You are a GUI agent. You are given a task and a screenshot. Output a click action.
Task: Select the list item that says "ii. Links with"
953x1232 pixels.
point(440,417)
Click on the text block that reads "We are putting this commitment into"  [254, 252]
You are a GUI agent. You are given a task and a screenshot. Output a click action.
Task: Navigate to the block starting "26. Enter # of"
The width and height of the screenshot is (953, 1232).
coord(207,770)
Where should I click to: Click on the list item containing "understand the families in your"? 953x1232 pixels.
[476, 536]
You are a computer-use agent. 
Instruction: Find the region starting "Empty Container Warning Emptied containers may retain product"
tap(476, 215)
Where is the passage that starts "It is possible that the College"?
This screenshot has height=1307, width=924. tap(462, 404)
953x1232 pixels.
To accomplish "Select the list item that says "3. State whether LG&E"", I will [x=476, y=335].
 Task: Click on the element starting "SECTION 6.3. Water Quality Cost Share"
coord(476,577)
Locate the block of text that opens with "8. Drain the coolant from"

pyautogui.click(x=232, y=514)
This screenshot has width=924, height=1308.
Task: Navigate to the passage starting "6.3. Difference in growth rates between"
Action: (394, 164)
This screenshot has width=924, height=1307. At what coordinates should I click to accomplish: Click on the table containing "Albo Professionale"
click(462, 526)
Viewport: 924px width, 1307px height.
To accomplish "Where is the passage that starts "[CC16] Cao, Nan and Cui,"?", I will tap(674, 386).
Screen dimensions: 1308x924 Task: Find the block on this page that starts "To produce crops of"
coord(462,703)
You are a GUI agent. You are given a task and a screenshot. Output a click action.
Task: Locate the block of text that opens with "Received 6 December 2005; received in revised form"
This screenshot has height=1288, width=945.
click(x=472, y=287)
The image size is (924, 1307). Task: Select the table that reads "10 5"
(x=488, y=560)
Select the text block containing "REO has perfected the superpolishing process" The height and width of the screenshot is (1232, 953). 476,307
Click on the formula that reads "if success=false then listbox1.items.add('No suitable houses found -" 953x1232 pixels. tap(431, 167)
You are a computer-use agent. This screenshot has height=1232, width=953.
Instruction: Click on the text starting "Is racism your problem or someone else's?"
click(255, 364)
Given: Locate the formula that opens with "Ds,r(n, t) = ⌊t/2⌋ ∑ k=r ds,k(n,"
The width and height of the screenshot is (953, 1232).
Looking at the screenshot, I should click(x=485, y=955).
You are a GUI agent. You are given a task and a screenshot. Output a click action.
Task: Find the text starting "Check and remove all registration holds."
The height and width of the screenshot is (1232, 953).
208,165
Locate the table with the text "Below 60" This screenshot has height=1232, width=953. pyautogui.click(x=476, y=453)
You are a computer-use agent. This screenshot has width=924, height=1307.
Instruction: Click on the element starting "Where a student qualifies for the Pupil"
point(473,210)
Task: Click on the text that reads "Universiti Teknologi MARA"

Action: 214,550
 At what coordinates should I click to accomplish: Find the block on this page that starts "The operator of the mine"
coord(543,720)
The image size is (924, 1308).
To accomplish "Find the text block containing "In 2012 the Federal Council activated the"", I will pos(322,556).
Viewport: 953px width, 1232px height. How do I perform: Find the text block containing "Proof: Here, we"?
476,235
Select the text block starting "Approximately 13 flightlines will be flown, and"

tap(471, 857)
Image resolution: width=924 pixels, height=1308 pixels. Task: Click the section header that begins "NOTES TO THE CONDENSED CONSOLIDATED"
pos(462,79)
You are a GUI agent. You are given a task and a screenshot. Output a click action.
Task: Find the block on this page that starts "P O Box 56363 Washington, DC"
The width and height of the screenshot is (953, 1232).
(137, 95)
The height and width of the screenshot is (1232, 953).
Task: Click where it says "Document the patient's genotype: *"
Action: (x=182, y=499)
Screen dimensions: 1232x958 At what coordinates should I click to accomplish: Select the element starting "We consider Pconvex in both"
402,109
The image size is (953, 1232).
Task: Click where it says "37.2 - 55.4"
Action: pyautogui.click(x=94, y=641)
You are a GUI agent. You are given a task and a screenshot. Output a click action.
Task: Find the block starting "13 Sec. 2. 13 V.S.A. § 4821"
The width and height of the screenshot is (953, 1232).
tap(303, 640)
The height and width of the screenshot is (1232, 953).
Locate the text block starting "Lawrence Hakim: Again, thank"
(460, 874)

--- WORK TO BE COMPLETED ---
The lines needed are those in the data above that hold the string "computer"; copy each of them.

--- ANSWER AREA ---
You are a computer-use agent. 
You are a computer-use agent. This screenshot has height=1232, width=953.
You are a computer-use agent. This screenshot has width=924, height=1307.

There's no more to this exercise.